Implícita nessa maneira de interpretar o acontecer da história da vida, teve
como finalidade o homem, o que significa que foi orientado por uma teleologia.
Dobzhansky
concluiu seu livro sobre a “Hereditariedade e Natureza do Homem” com uma
reflexão que faz todo o sentido para aqueles que se preocupam com a saúde do nosso planeta, a nossa morada,
a nossa pátria, a nossa querência ou a “nossa mãe e pátria”.
A
evolução levou o homem a uma encruzilhada da qual não há escapatória e não
permite voltar atrás. Nosso passado animal ficou irremediavelmente perdido. Nem
querendo não é possível retornar a ele. Está em questão de um lado o ocaso
cultural e biológico e, do outro, uma progressiva adaptação da cultura ao
lastro hereditário dos genes e suas mutações e, do outro a cultura induzindo as
mutações nos genes. Vem aqui ao caso a metáfora de Nietzsche que imagina a
humanidade equilibrando-se sobre uma corda estendida sobre um abismo. Na primeira alternativa a humanidade
não chega na outra borda do precipício. Cai no abismo antes de a alcançar. Na
segunda o condicionamento recíproco entre os genes e a cultura, garante, apesar
dos pesares, alcançar a outra margem. Está
nas mãos do homem escolher a alternativa certa para que a travessia ocorra sem
um catástrofe definitiva e irreversível. Uma postura otimista permite acreditar
que a espécie humana não se precipite no abismo.
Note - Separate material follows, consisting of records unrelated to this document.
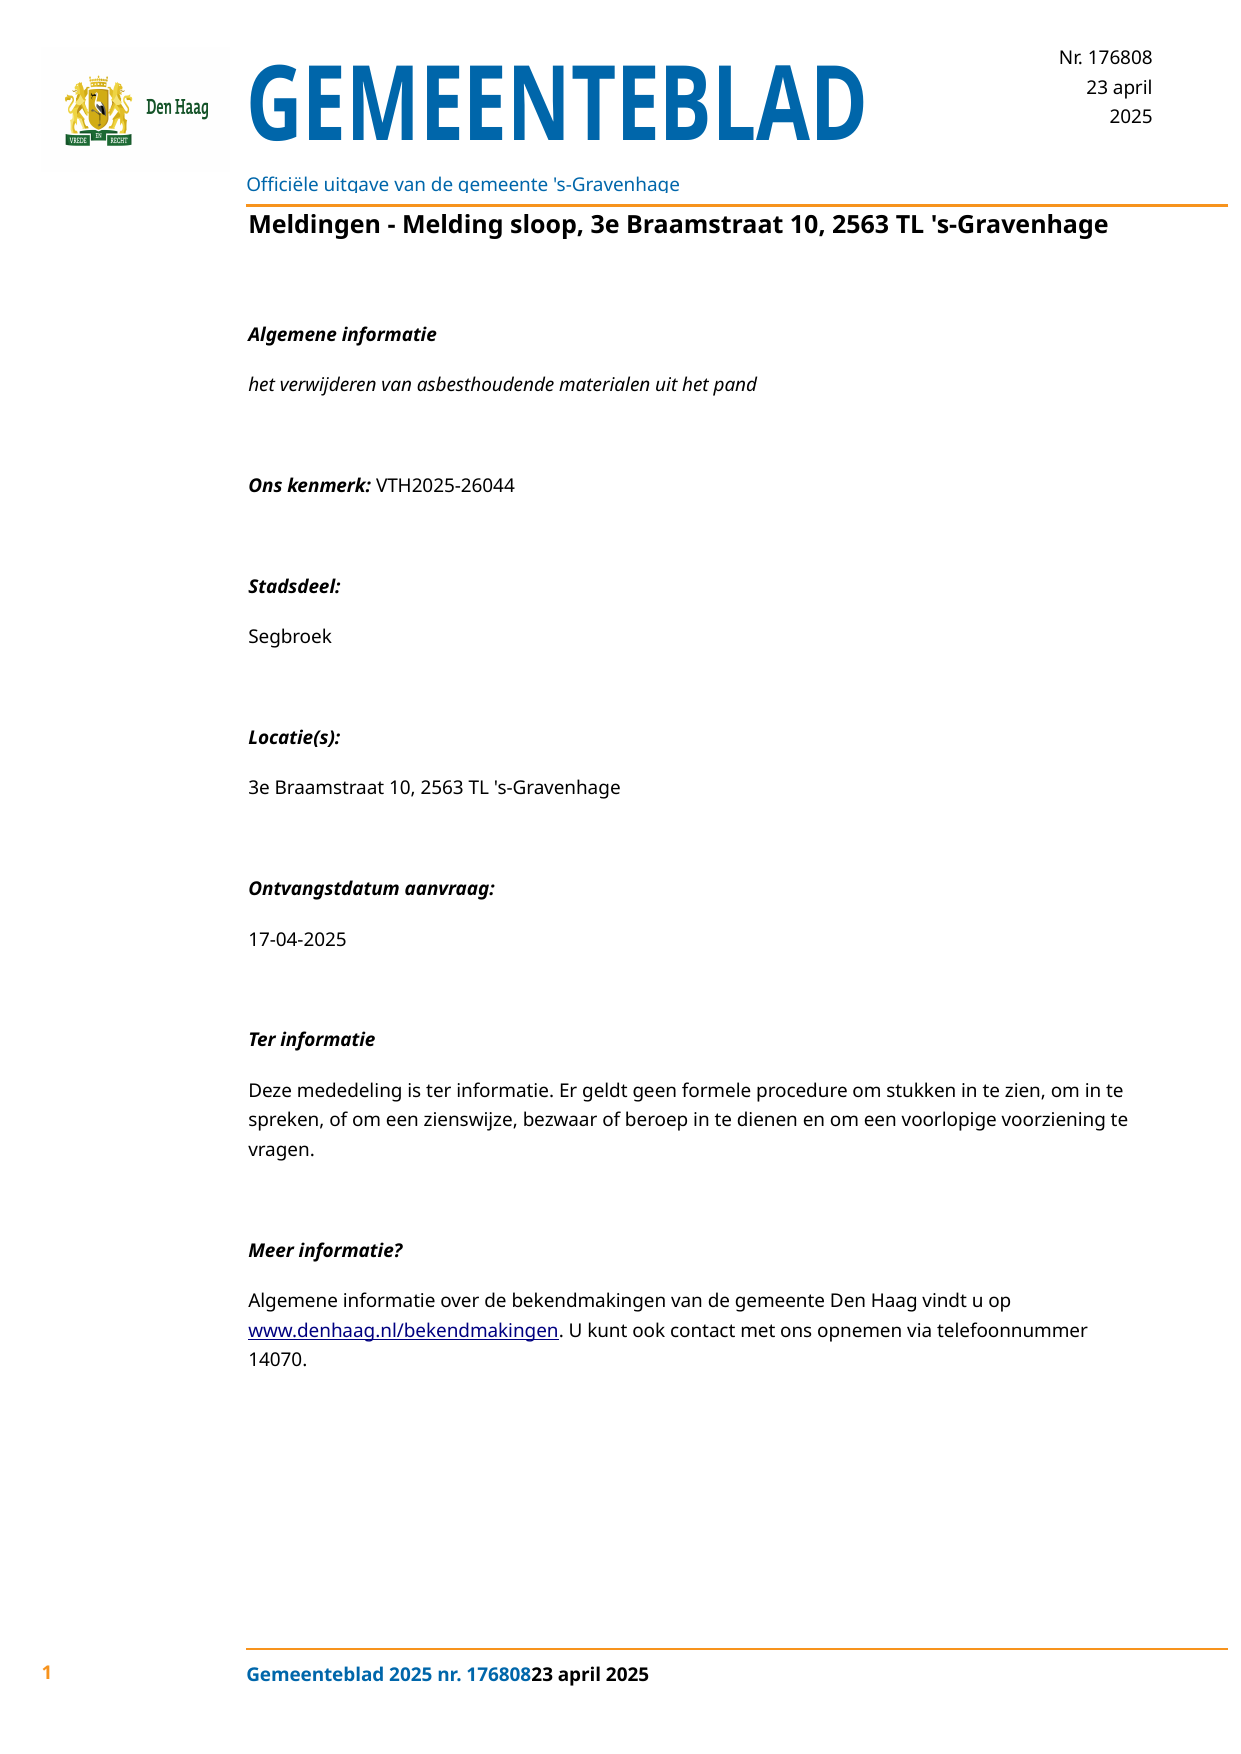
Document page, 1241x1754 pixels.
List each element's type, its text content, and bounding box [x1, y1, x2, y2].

text Meer informatie? [248, 1237, 1152, 1263]
text 3e Braamstraat 10, 2563 TL 's-Gravenhage [248, 774, 1152, 800]
text het verwijderen van asbesthoudende materialen uit het pand [248, 371, 1152, 397]
text Ter informatie [248, 1027, 1152, 1052]
text Algemene informatie over de bekendmakingen van de gemeente Den Haag vindt u op www.denhaag.nl/bekendmakingen. U kunt ook contact met ons opnemen via telefoonnummer 14070. [248, 1287, 1152, 1372]
picture [41, 47, 231, 172]
text Segbroek [248, 623, 1152, 649]
text Meldingen - Melding sloop, 3e Braamstraat 10, 2563 TL 's-Gravenhage [248, 207, 1152, 241]
text Deze mededeling is ter informatie. Er geldt geen formele procedure om stukken in te zien, om in te spreken, of om een zienswijze, bezwaar of beroep in te dienen en om een voorlopige voorziening te vragen. [248, 1077, 1152, 1162]
text Ons kenmerk: VTH2025-26044 [248, 472, 1152, 498]
text Algemene informatie [248, 321, 1152, 346]
text Locatie(s): [248, 724, 1152, 750]
text Ontvangstdatum aanvraag: [248, 875, 1152, 901]
text Stadsdeel: [248, 573, 1152, 598]
text 17-04-2025 [248, 926, 1152, 951]
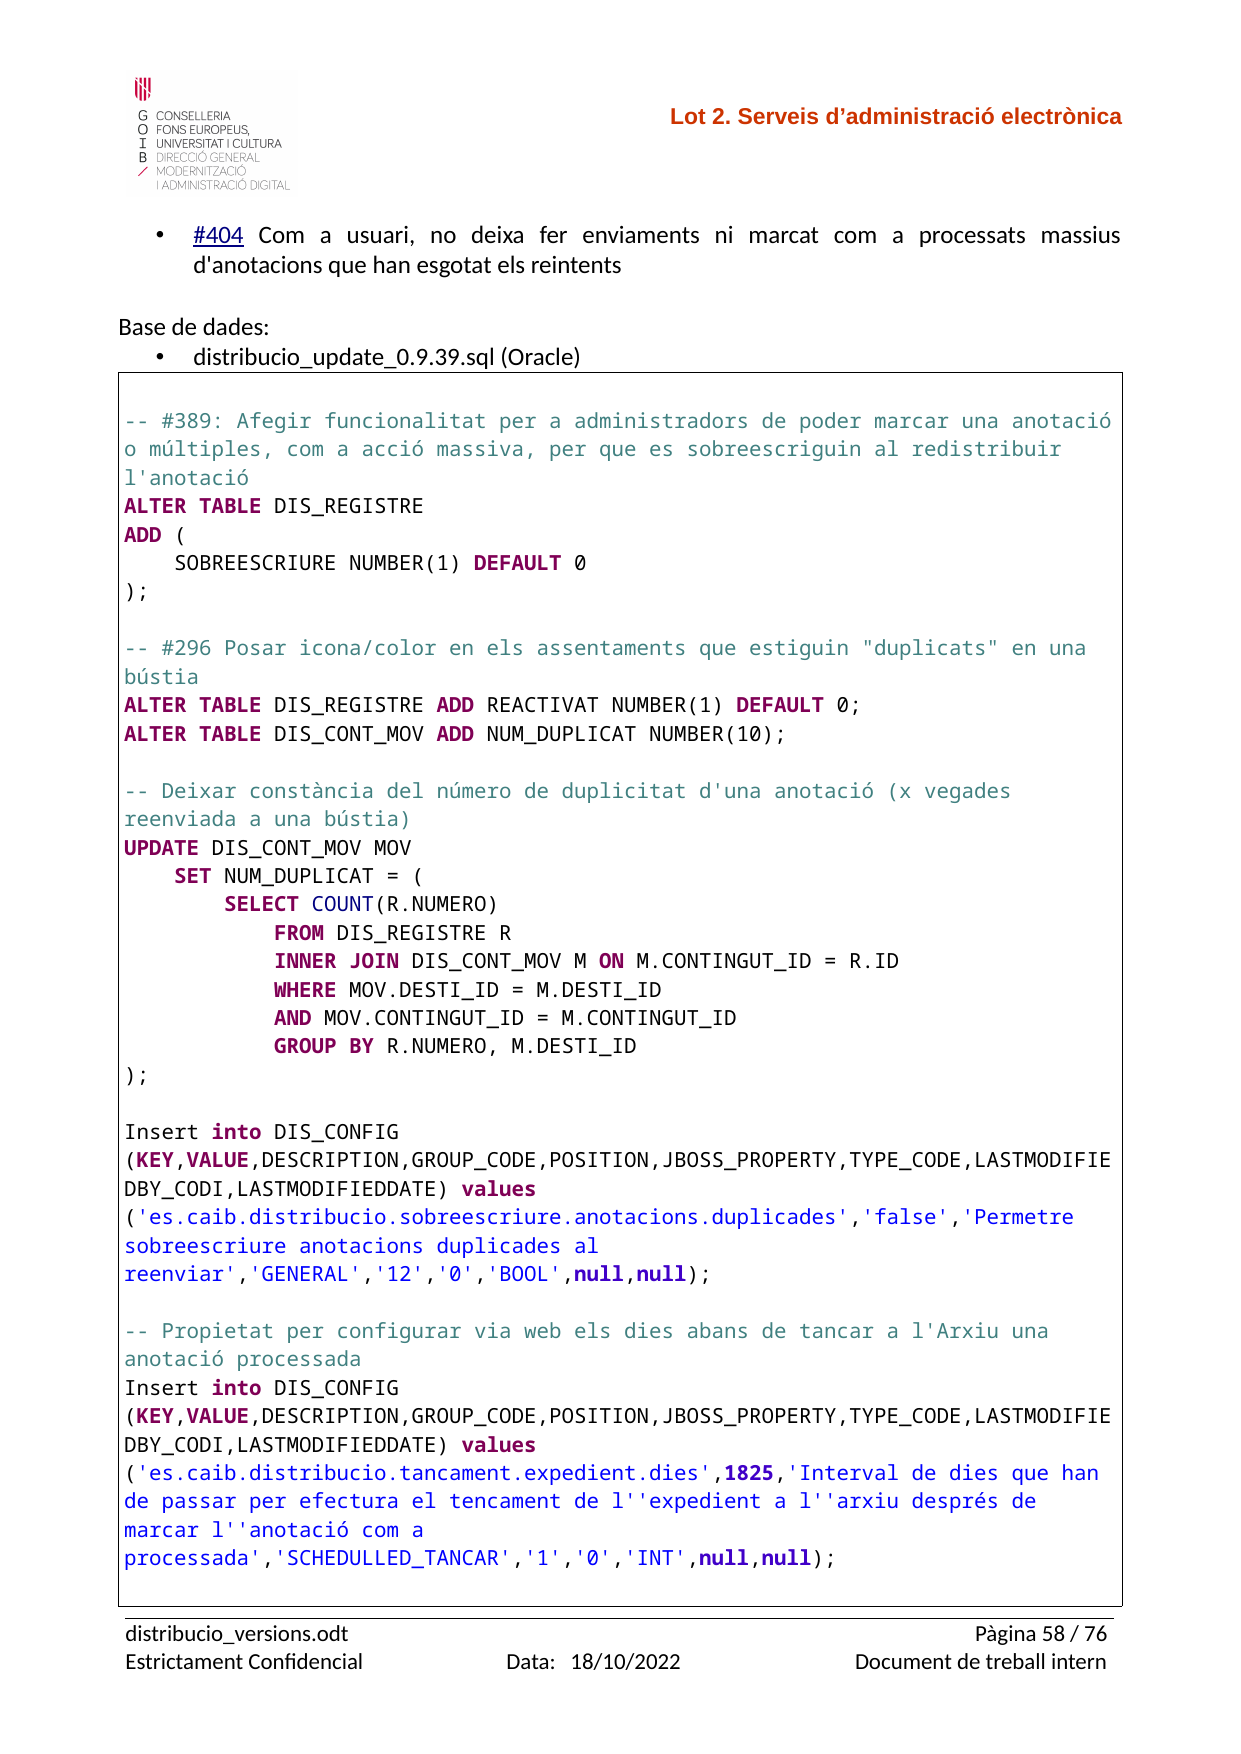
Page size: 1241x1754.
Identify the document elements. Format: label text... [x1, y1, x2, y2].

table_header -- #389: Afegir funcionalitat per a administradors de poder marcar una anotació o múltiples, com a acció massiva, per que es sobreescriguin al redistribuir l'anotació ALTER TABLE DIS_REGISTRE ADD ( SOBREESCRIURE NUMBER(1) DEFAULT 0 ); -- #296 Posar icona/color en els assentaments que estiguin "duplicats" en una bústia ALTER TABLE DIS_REGISTRE ADD REACTIVAT NUMBER(1) DEFAULT 0; ALTER TABLE DIS_CONT_MOV ADD NUM_DUPLICAT NUMBER(10); -- Deixar constància del número de duplicitat d'una anotació (x vegades reenviada a una bústia) UPDATE DIS_CONT_MOV MOV SET NUM_DUPLICAT = ( SELECT COUNT(R.NUMERO) FROM DIS_REGISTRE R INNER JOIN DIS_CONT_MOV M ON M.CONTINGUT_ID = R.ID WHERE MOV.DESTI_ID = M.DESTI_ID AND MOV.CONTINGUT_ID = M.CONTINGUT_ID GROUP BY R.NUMERO, M.DESTI_ID ); Insert into DIS_CONFIG (KEY,VALUE,DESCRIPTION,GROUP_CODE,POSITION,JBOSS_PROPERTY,TYPE_CODE,LASTMODIFIEDBY_CODI,LASTMODIFIEDDATE) values ('es.caib.distribucio.sobreescriure.anotacions.duplicades','false','Permetre sobreescriure anotacions duplicades al reenviar','GENERAL','12','0','BOOL',null,null); -- Propietat per configurar via web els dies abans de tancar a l'Arxiu una anotació processada Insert into DIS_CONFIG (KEY,VALUE,DESCRIPTION,GROUP_CODE,POSITION,JBOSS_PROPERTY,TYPE_CODE,LASTMODIFIEDBY_CODI,LASTMODIFIEDDATE) values ('es.caib.distribucio.tancament.expedient.dies',1825,'Interval de dies que han de passar per efectura el tencament de l''expedient a l''arxiu després de marcar l''anotació com a processada','SCHEDULLED_TANCAR','1','0','INT',null,null); [119, 373, 1122, 1606]
list #404 Com a usuari, no deixa fer enviaments ni marcat com a processats massius d'anotacions que han esgotat els reintents [156, 219, 1122, 280]
list distribucio_update_0.9.39.sql (Oracle) [156, 341, 1122, 372]
picture [126, 70, 299, 197]
text Base de dades: [118, 311, 1122, 341]
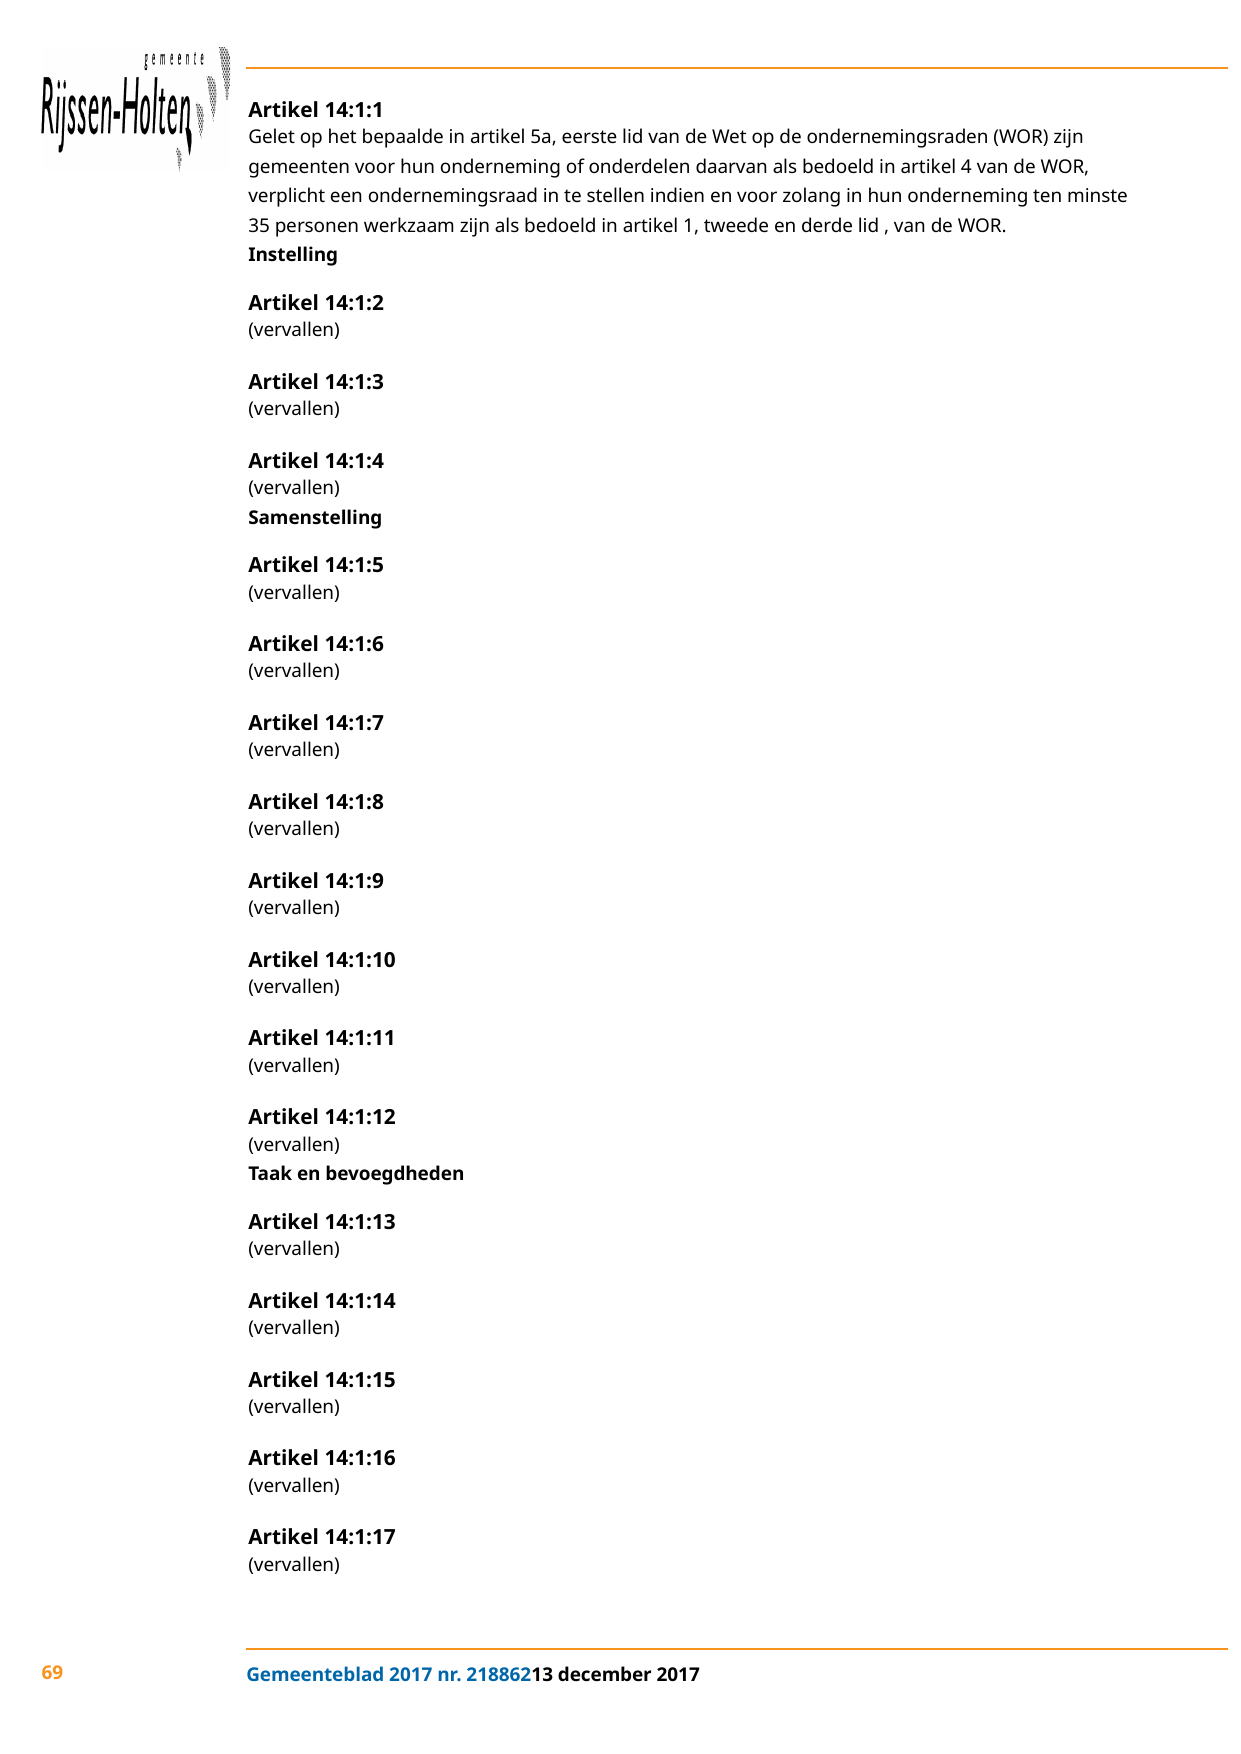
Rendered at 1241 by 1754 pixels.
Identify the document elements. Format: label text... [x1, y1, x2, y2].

text Artikel 14:1:8 [248, 787, 1152, 815]
text Artikel 14:1:3 [248, 367, 1152, 395]
text (vervallen) [248, 1551, 1152, 1577]
text (vervallen) [248, 1314, 1152, 1340]
text Artikel 14:1:10 [248, 945, 1152, 973]
text (vervallen) [248, 579, 1152, 604]
text Artikel 14:1:16 [248, 1443, 1152, 1472]
text Artikel 14:1:2 [248, 288, 1152, 317]
text Artikel 14:1:13 [248, 1207, 1152, 1235]
text Artikel 14:1:6 [248, 629, 1152, 658]
text Artikel 14:1:17 [248, 1522, 1152, 1551]
text Artikel 14:1:5 [248, 550, 1152, 579]
text Samenstelling [248, 504, 1152, 529]
text Taak en bevoegdheden [248, 1160, 1152, 1186]
text (vervallen) [248, 474, 1152, 500]
text (vervallen) [248, 1235, 1152, 1261]
text Artikel 14:1:15 [248, 1365, 1152, 1393]
text (vervallen) [248, 1472, 1152, 1498]
text Artikel 14:1:14 [248, 1286, 1152, 1314]
text Artikel 14:1:11 [248, 1023, 1152, 1052]
text (vervallen) [248, 973, 1152, 999]
text (vervallen) [248, 658, 1152, 683]
text (vervallen) [248, 1393, 1152, 1419]
text (vervallen) [248, 317, 1152, 342]
picture [41, 47, 231, 172]
text (vervallen) [248, 815, 1152, 841]
text Artikel 14:1:1 [248, 95, 1152, 123]
text (vervallen) [248, 1052, 1152, 1078]
text (vervallen) [248, 894, 1152, 920]
text (vervallen) [248, 1131, 1152, 1157]
text (vervallen) [248, 395, 1152, 421]
text Artikel 14:1:9 [248, 866, 1152, 894]
text Instelling [248, 242, 1152, 267]
text Artikel 14:1:4 [248, 446, 1152, 474]
text Gelet op het bepaalde in artikel 5a, eerste lid van de Wet op de ondernemingsraden (WOR) zijn gemeenten voor hun onderneming of onderdelen daarvan als bedoeld in artikel 4 van de WOR, verplicht een ondernemingsraad in te stellen indien en voor zolang in hun onderneming ten minste 35 personen werkzaam zijn als bedoeld in artikel 1, tweede en derde lid , van de WOR. [248, 123, 1152, 238]
text Artikel 14:1:12 [248, 1102, 1152, 1131]
text Artikel 14:1:7 [248, 708, 1152, 737]
text (vervallen) [248, 737, 1152, 762]

Já que a nossa época é
caracterizada por muitos como a idade da ansiedade é preciso contrapor-lhe uma
boa dose de otimismo. Dobzhansky declara-se otimista embora a ansiedade domine
uma alta porcentagem das pessoas. Seu otimismo provem da convicção de que a
natureza e o homem são frutos da evolução e a humanidade junto com a natureza
continuarão evoluindo indefinidamente para o futuro. Olhando em nosso derredor
constatamos que existe um enorme volume de fealdades, temperadas por não menos
belezas; há muita coisa boa acontecendo, como também muito coisa abominável. O
que deve prevalecer não é o pessimismo destruidor mas o otimismo e
consequentemente a esperança criadora. O mundo não foi criado de forma estática
por uma única ação criadora, A criação não é um ato isolado mas um processo,
cujo êxito não pode ser garantido pela evolução. Entretanto, o homem tem todas
as condições de lutar para que o processo não termine num beco sem saída. Na
última frase do seu livro, Dobzhansky conclui sua reflexão: “Sem dúvida o homem
está de posse das ferramentas para assegurar êxito e essa é uma batalha que
confere significado e dignidade à vida humana individual e coletiva. Permita-me
repetir, a evolução confere esperança”. (Dobzhansky, 1969, p. 178).